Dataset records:
----------
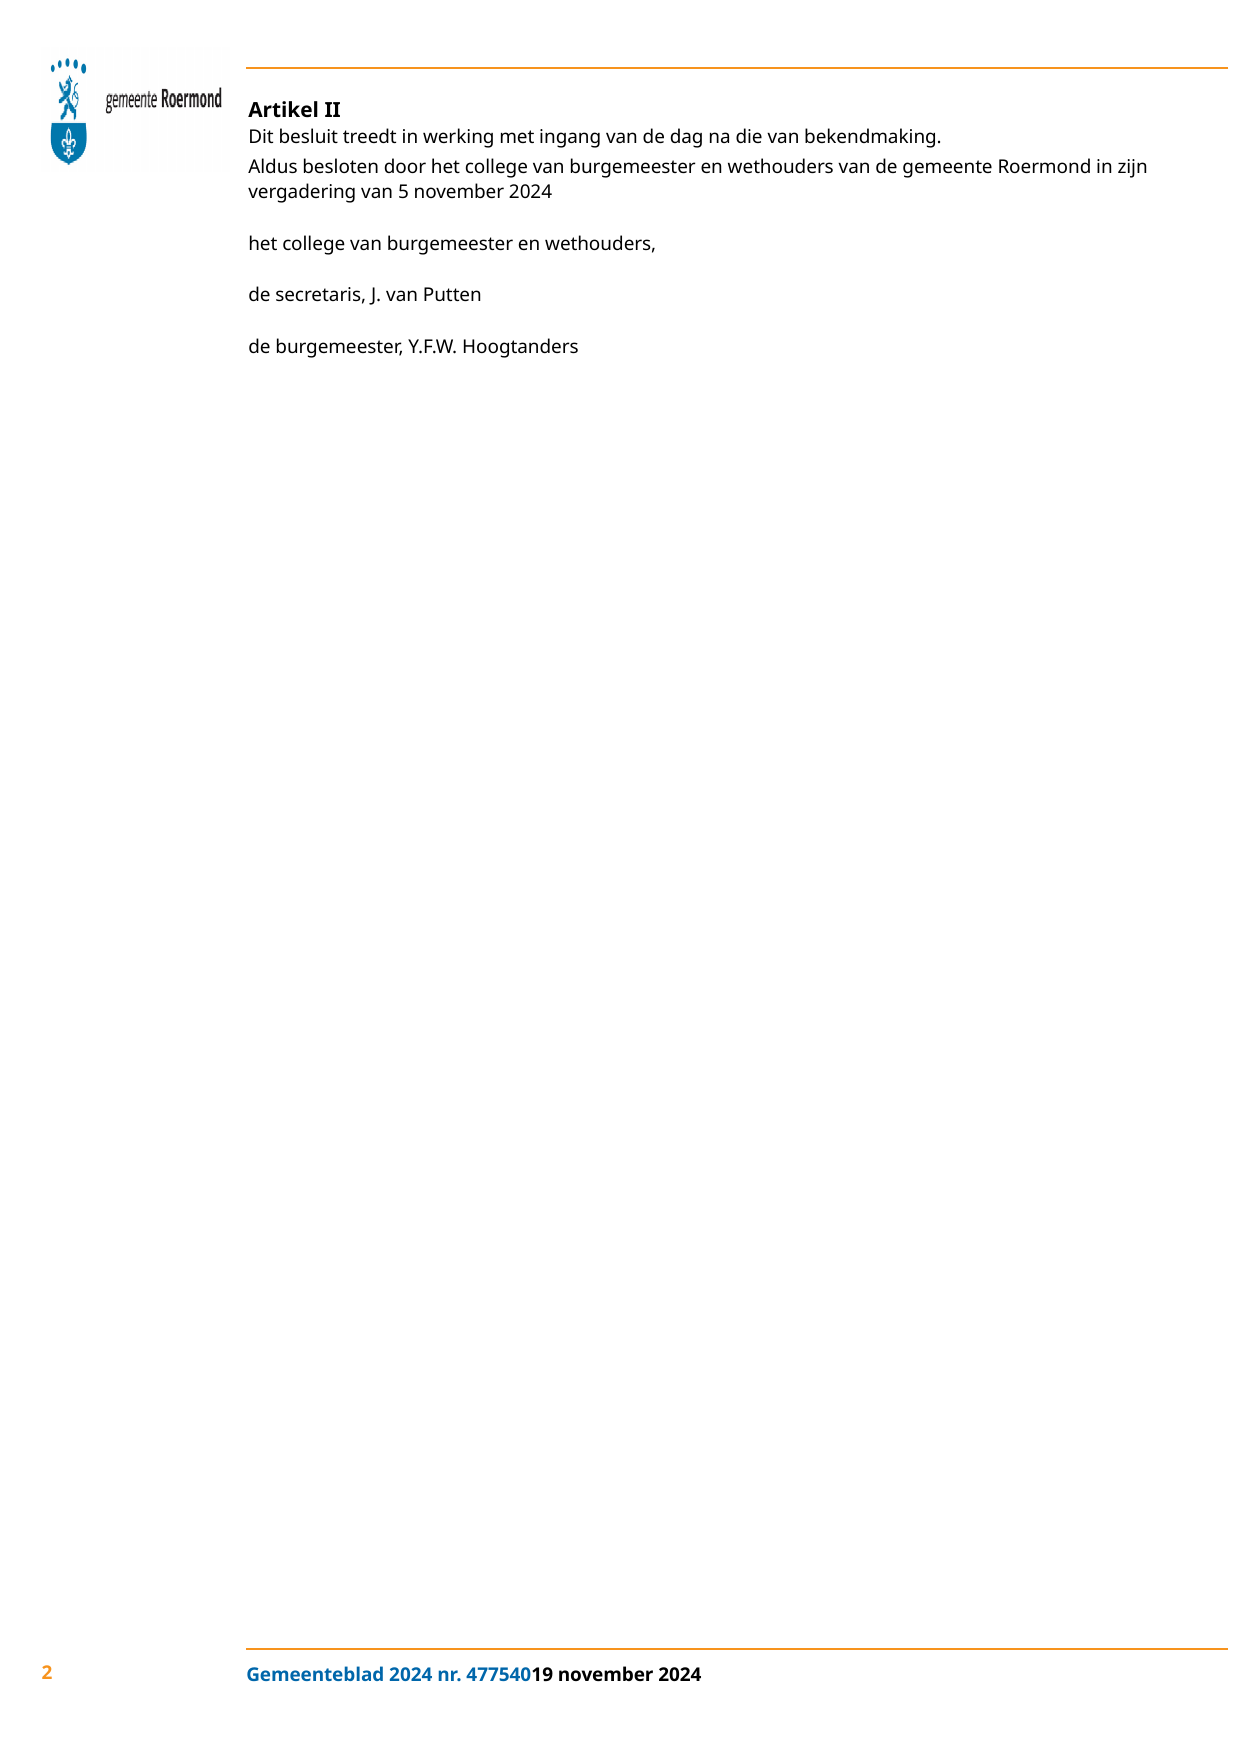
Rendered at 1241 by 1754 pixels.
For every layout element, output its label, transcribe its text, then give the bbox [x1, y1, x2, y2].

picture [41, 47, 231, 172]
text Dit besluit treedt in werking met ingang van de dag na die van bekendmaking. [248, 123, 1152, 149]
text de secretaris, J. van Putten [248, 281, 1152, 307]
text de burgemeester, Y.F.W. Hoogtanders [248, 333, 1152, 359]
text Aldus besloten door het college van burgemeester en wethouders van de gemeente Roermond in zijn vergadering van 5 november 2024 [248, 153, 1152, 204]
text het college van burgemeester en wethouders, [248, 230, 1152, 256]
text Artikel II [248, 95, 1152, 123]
----------
PROBLEM DESCRIPTION »
The response should contain every record above exactly as written, and none of the pictures.

OUTPUT OF THE EXERCISE »
Rendered at 1241 by 1754 pixels.
For every layout element, output its label, transcribe its text, then give the bbox [x1, y1, x2, y2].

picture [41, 47, 231, 172]
text Dit besluit treedt in werking met ingang van de dag na die van bekendmaking. [248, 123, 1152, 149]
text de secretaris, J. van Putten [248, 281, 1152, 307]
text de burgemeester, Y.F.W. Hoogtanders [248, 333, 1152, 359]
text Aldus besloten door het college van burgemeester en wethouders van de gemeente Roermond in zijn vergadering van 5 november 2024 [248, 153, 1152, 204]
text het college van burgemeester en wethouders, [248, 230, 1152, 256]
text Artikel II [248, 95, 1152, 123]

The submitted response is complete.